Stop the onslaught of annoying robocalls
Consumer Action signed on to support public testimony to the U.S. House of Representative's Subcommittee On Communications and Technology regarding potential legislative solutions to the rampant problem of illegal scam and spoofed robocalls.

Personal data has potential to fuel discrimination
26 civil society organizations sent a letter to Congress calling on legislators to ensure that any federal privacy legislation addresses the discriminatory impacts of commercial data practices and protects people of color, women, religious minorities, members of the LGBTQ+ community, persons with disabilities, persons living on low income, immigrants, and other vulnerable populations.

Advocates tackle data-driven discrimination
Big Data has the potential to create racial and social inequalities, and make existing discrimination even worse. While civil rights protections have existed in brick-and-mortar commerce for decades, they are largely missing from the internet economy. Online services should not be permitted to use consumer data to discriminate against protected classes or deny them opportunities in commerce, housing, employment, or full participation in our democracy.

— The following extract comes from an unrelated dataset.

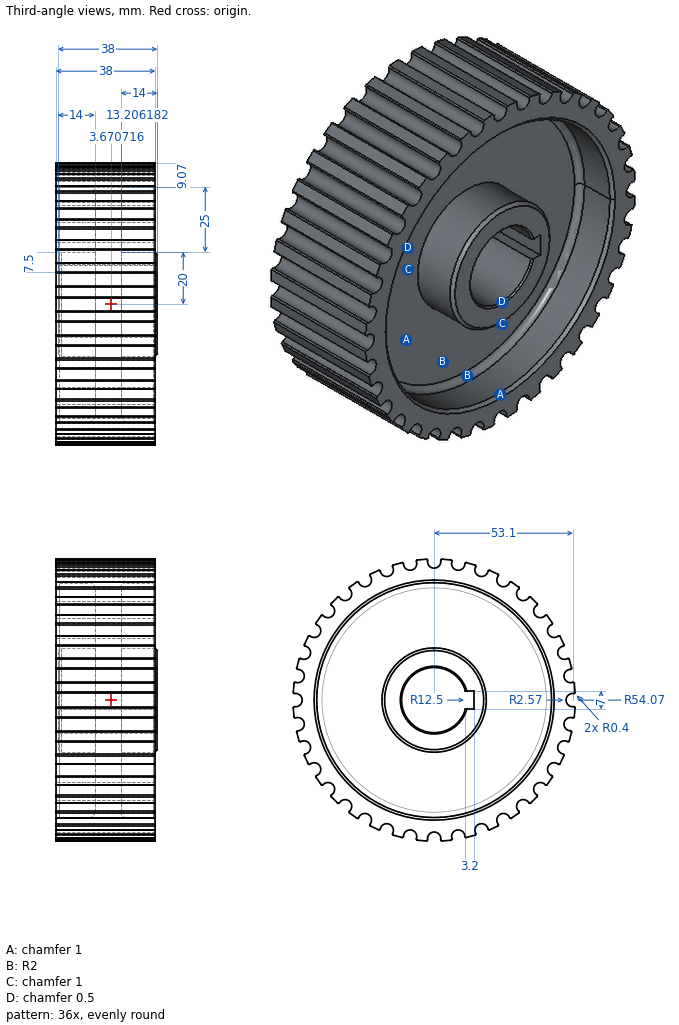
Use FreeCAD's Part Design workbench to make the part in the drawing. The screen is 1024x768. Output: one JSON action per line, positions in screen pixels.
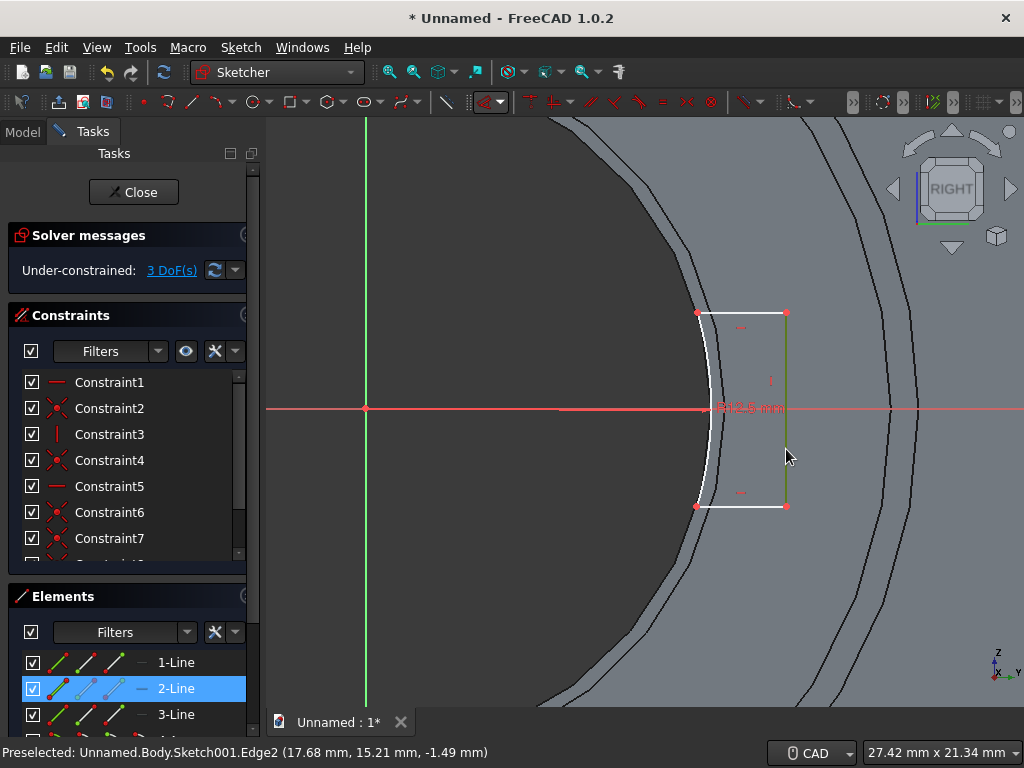
{"action": "key", "text": "i"}

The time is now for comprehensive consumer data privacy legislation
Consumer and privacy organizations released a framework for comprehensive privacy protection and digital rights for members of the 116th Congress. In it, they stated that U.S. data privacy laws must be overhauled (without pre-empting state laws) and a new data privacy agency should be created to confront 21st century threats and address emerging concerns for digital customers.

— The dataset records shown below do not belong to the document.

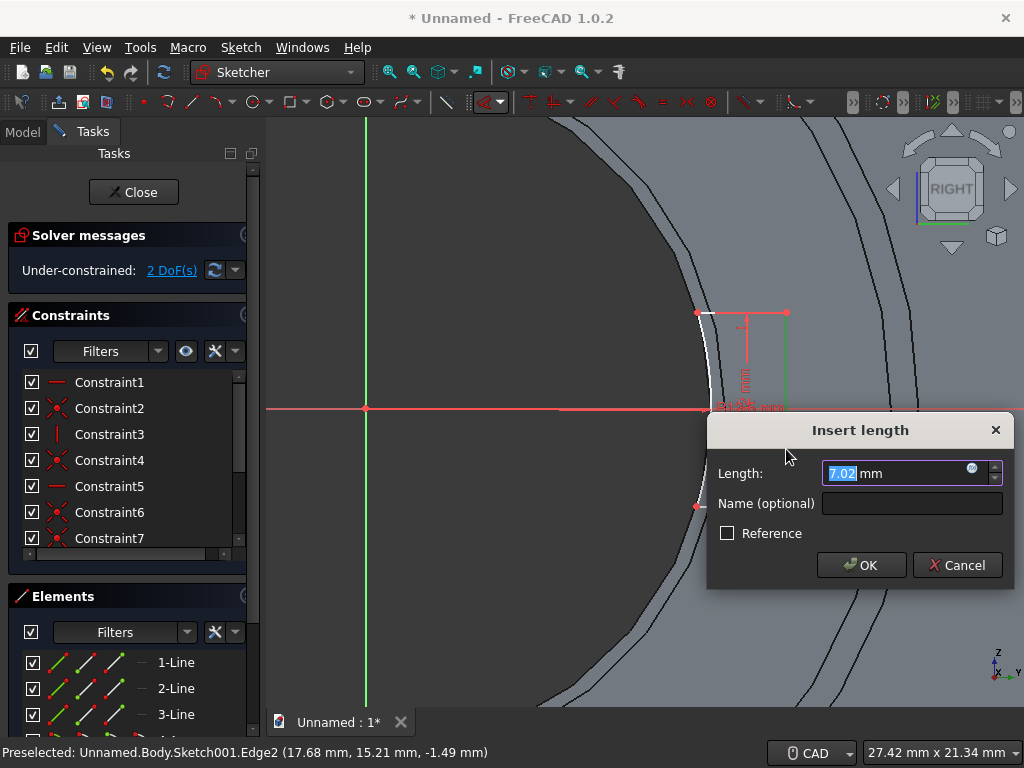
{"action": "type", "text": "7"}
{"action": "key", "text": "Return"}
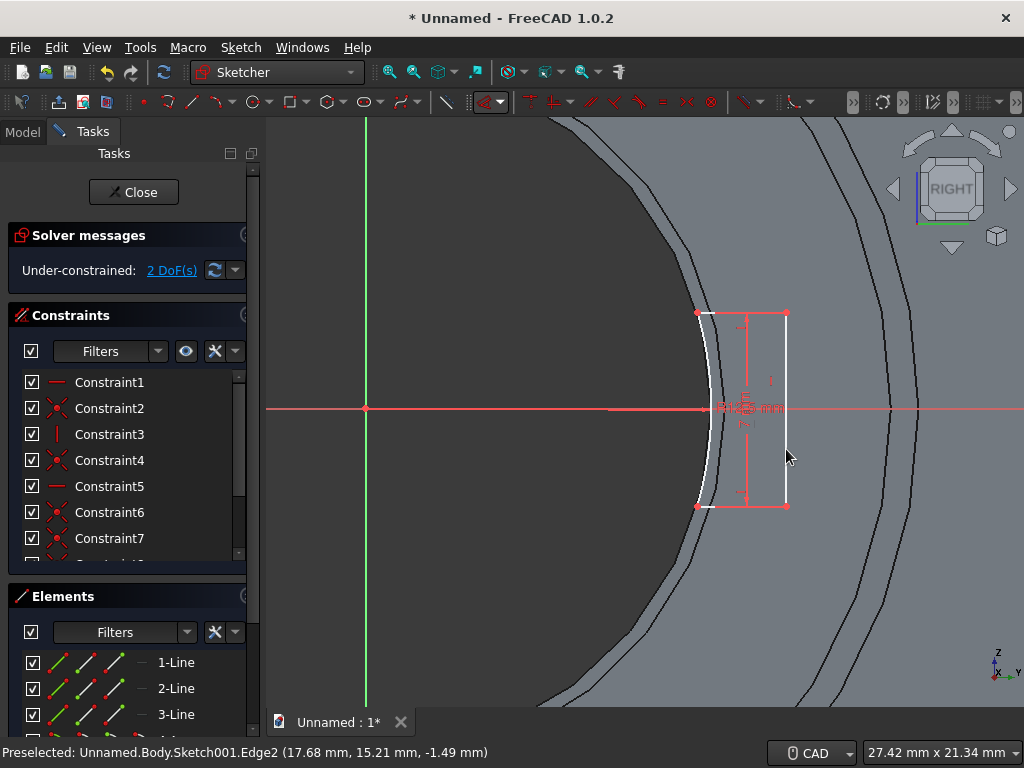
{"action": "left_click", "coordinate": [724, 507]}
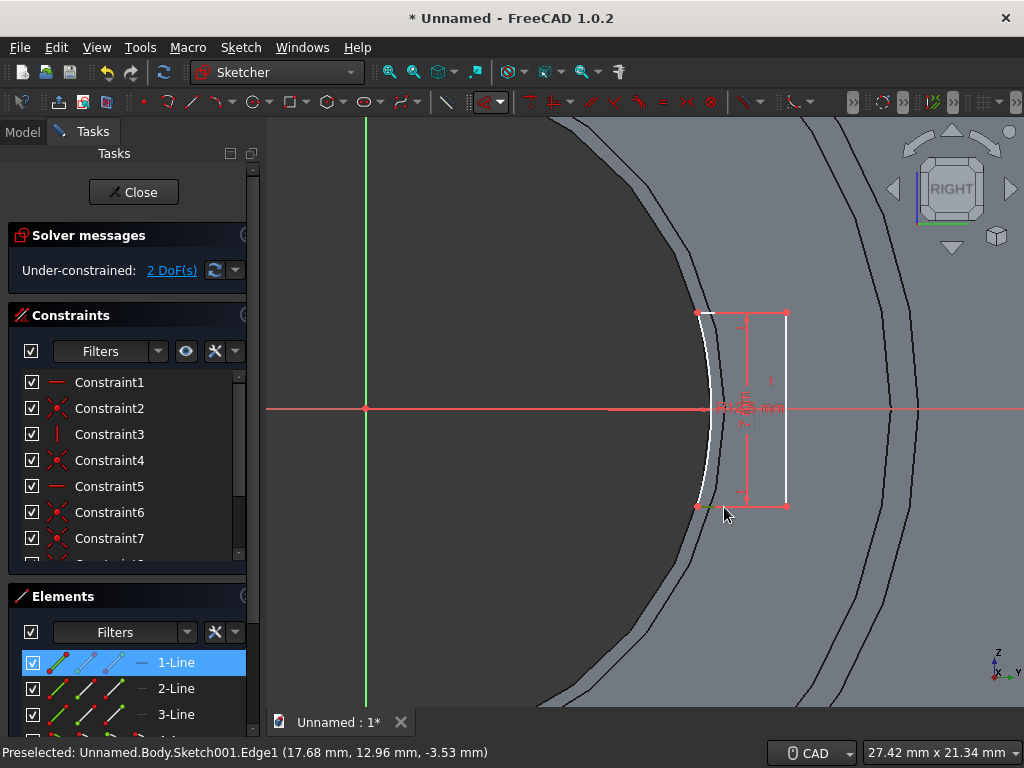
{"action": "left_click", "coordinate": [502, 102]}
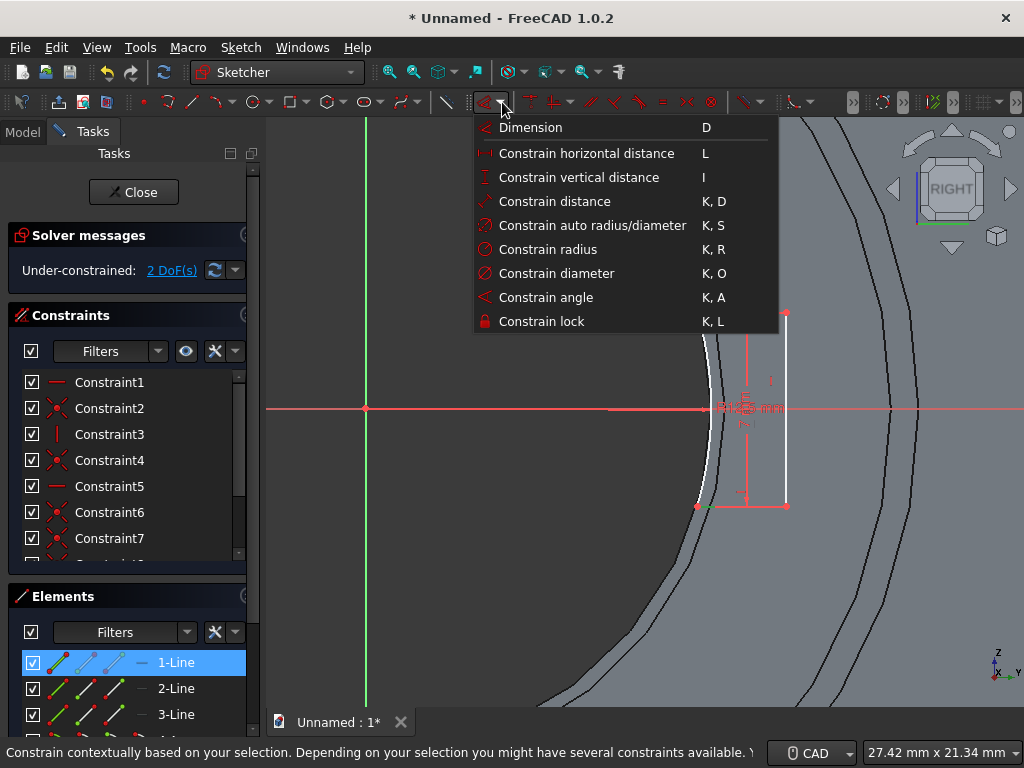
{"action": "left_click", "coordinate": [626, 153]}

Advocates set the bar for upcoming discussion on privacy legislation
34 civil rights, consumer, and privacy organizations join in releasing public interest principles for privacy legislation, because the public needs and deserves strong and comprehensive federal legislation to protect their privacy and afford meaningful redress. The set of principles provides the bare minimum privacy protections advocates want codified in any comprehensive data privacy bill Congress considers.

Strong, meaningful, and comprehensive privacy principles are needed to protect consumers
In comments submitted to the National Telecommunications and Information Administration (NTIA), advocates offered suggested improvements to NTIA’s data privacy policy recommendations for the Trump Administration. The current proposal, with its risk-management rather than rights-based approach, does not provide an acceptable roadmap for the kind of privacy protection that Americans need.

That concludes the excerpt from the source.